Из-за ограниченного разрешения световой микроскопии, электронная микроскопия (ЭМ) обычно используется для обнаружения субклеточных структур нервных клеток. ЭМ имеет различные классификации, при этом для наблюдения ультраструктур клеток используется обычная просвечивающая электронная микроскопия (ПЭМ) 6,7,8,9. Иммуноэлектронная микроскопия (иммуно-ЭМ), сочетающая пространственное разрешение ЭМ с химической идентификацией антител, специфически связывающихся с белками10, выделяется как оптимальный и эксклюзивный метод исследования синаптических связей и локализации субклеточных белков в сетчатке 11,12.
Методы иммуно-ЭМ можно разделить на методы до встраивания и после встраивания в зависимости от порядка встраивания и инкубации антител.
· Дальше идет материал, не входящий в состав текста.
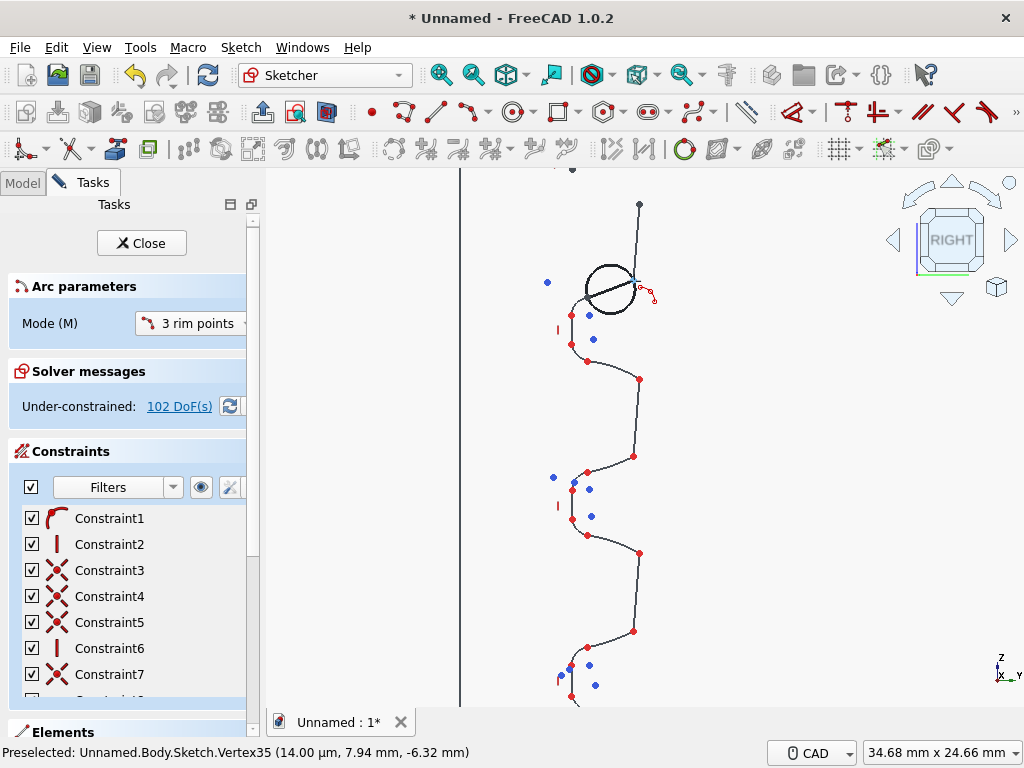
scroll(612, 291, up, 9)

По сравнению с методом пост-эмбеддинга, подход с предварительным встраиванием способен проводить крупномасштабную и дальнюю идентификацию 13,14,15, предлагая оптимальный подход для изучения клеточных процессов, таких как аксоны и дендриты. Кроме того, этот метод обеспечивает сильный сигнал и широкое поле зрения, что делает его предпочтительным для всесторонних исследований экспрессии белка и молекулярной локализации в цитоплазме. Этот метод оказывается особенно ценным для обеспечения химически идентифицированных структур, видимых по всей цитоплазме, клеткам или сетчатке.
Тем не менее, метод после встраивания, хотя и имеет более низкую проникающую способность или диффузию по сравнению с методом предварительного встраивания, не так чувствителен16,17. Проще говоря, если целью является изучение локализации специфических нейротрансмиттеров в цитоплазме или синаптических окончаниях, предпочтительным методом является предварительное встраивание иммуно-ЭМ. И наоборот, для выявления локализации мембранных рецепторов более рекомендуется использовать поствстраивание иммуноголда ЭМ.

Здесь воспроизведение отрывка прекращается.